Synthetic Data: Learning for AI without Waiting

For artificial intelligence, one of the key ingredients is vast amounts of training data.

For autonomous vehicles, it involves capturing millions of images, video, radar images, and LiDAR point clouds.  But how do we capture the rare occurrences that happen on our highways? How often does a moose walk across the road? How many times does a reflective-clothed pedestrian show up in a snowstorm at dusk?

Some scenarios may happen only once every million kilometres. Waiting for those naturally would mean waiting for a long time before we can train our AI models. The solution is synthetic data. It relies on using graphics engines and generative AI to build photorealistic worlds in which every single object is pre-labeled by default.

Engineers get to instantaneously create:

● roads in rain,

● flooded roads,

● mountain roads,

● deserts,

● tunnels,

● urban traffic,

● rural roads,

● school zones,

● car accidents,

● emergency vehicles,

● unusual pedestrian behavior, and

● rare animal crossings.

The options are endless.

What’s even more valuable about synthetic worlds is that engineers can purposefully build balanced datasets.

Instead of gathering millions of common driving experiences and only a few rare cases, teams working on AI could generate thousands of examples of particular situations when the autonomous system needs some additional training.

AI Is Testing AI

The most exciting trend that comes out right now is that artificial intelligence has stopped being just a tool for autonomous vehicles. It has become the instrument for testing autonomous cars as well.

Modern simulation systems make use of AI agents in order to generate tough scenarios.

Without using the imagination of the engineer, reinforcement learning algorithms find situations that may reveal weaknesses of autonomous driving software.

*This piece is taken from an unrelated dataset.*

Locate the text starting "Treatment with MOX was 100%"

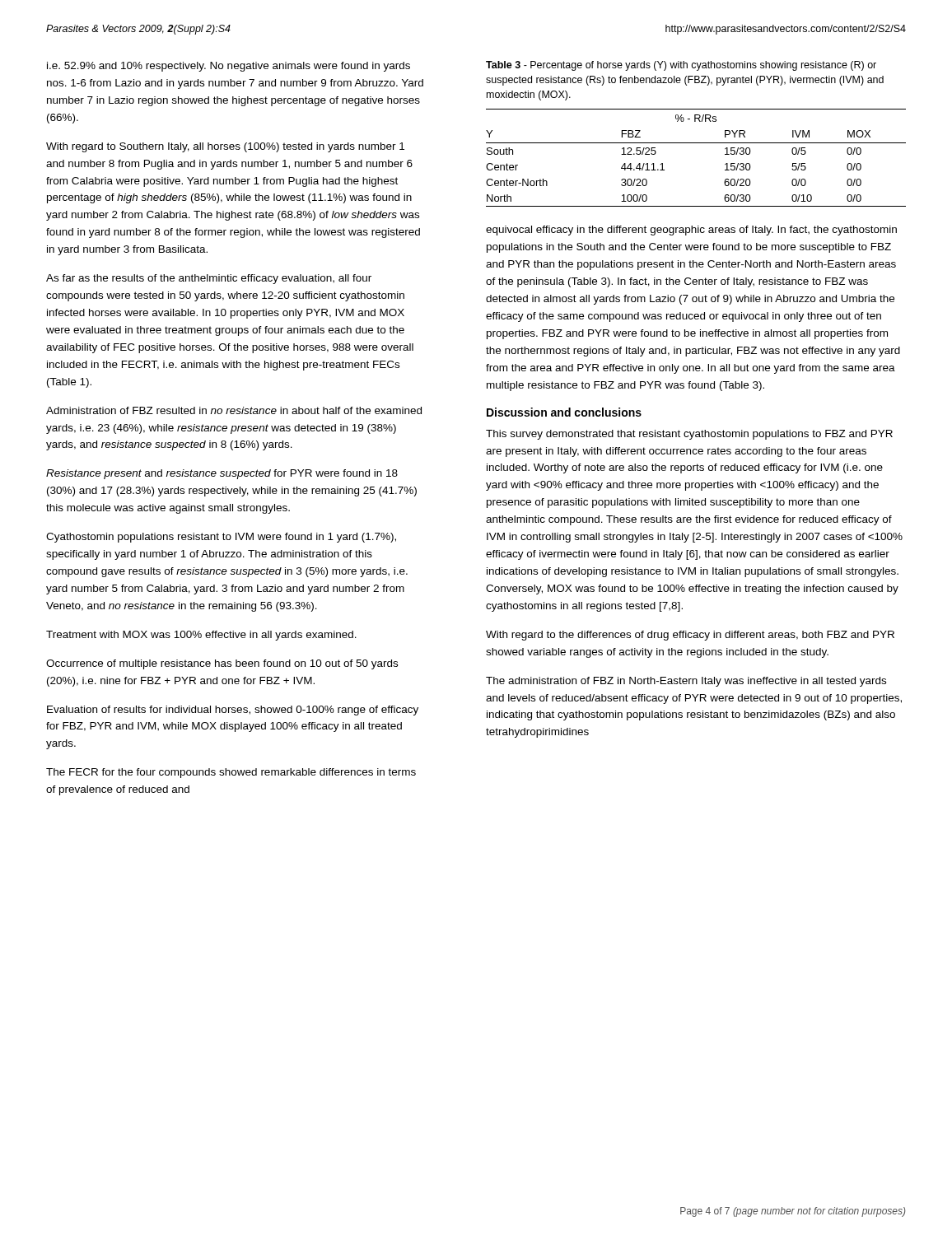236,635

One AI drives the car. Another tries to confuse it. The third AI evaluates its performance. That is why both the environment and the autonomous driving program constantly learn from each other. Thus, there is a chance to identify safety vulnerabilities much quicker and have a much wider coverage of the testing process than just manual scenario creation.

This approach, sometimes referred to as AI-versus-AI validation, seems to be one of the most promising trends in autonomous vehicle testing.

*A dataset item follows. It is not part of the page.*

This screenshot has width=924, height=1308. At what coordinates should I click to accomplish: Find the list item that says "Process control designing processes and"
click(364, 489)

Sensor Fusion: Many Perspectives Become One

The real strength of driverless cars comes from sensors cooperating rather than from the use of individual components. Like:

  • A camera detects a traffic light.
  • Radar checks the speed of the approaching car.
  • LiDAR measures distances accurately.
  • GPS provides the coordinates of the vehicle.

The artificial intelligence unifies all this data into one understanding of the surroundings.

Consequently, testing of sensor fusion should check not just the proper functioning of each sensor but also the behavior of the entire perception system in case some sensors fail. The failures are purposefully introduced by engineers during simulations.

  • The camera’s lens might be blocked by mud.
  • LiDAR operation might suffer from heavy snow.
  • Radar can receive distorted signals.
  • GPS might stop working in the urban canyon.

Despite the failure, the car should be able to operate safely.

Such resilience is one of the distinguishing features that differentiate experimental self-driving systems from production ones.

Instead of striving for perfect sensors, the latest iteration of AI technology is being built on top of reasoning capabilities to handle situations with incomplete information, something that comes naturally to skilled human drivers when visibility is poor or unexpected circumstances arise.

The Road Ahead

The era of autonomous vehicle development is seeing the industry move into an entirely new phase in which the focus is now on gathering intelligent experience in virtual environments rather than accumulating mileage in the physical world. AI simulation, digital twins, synthetic data, and state-of-the-art sensor fusion testing allow automakers to test their autonomous systems at volumes that were inconceivable a decade ago.

However, it is only the beginning.

The next wave of innovation will consist of cloud-native simulation solutions, generative AI, driving foundation models, real-time digital twins, and certification regulations.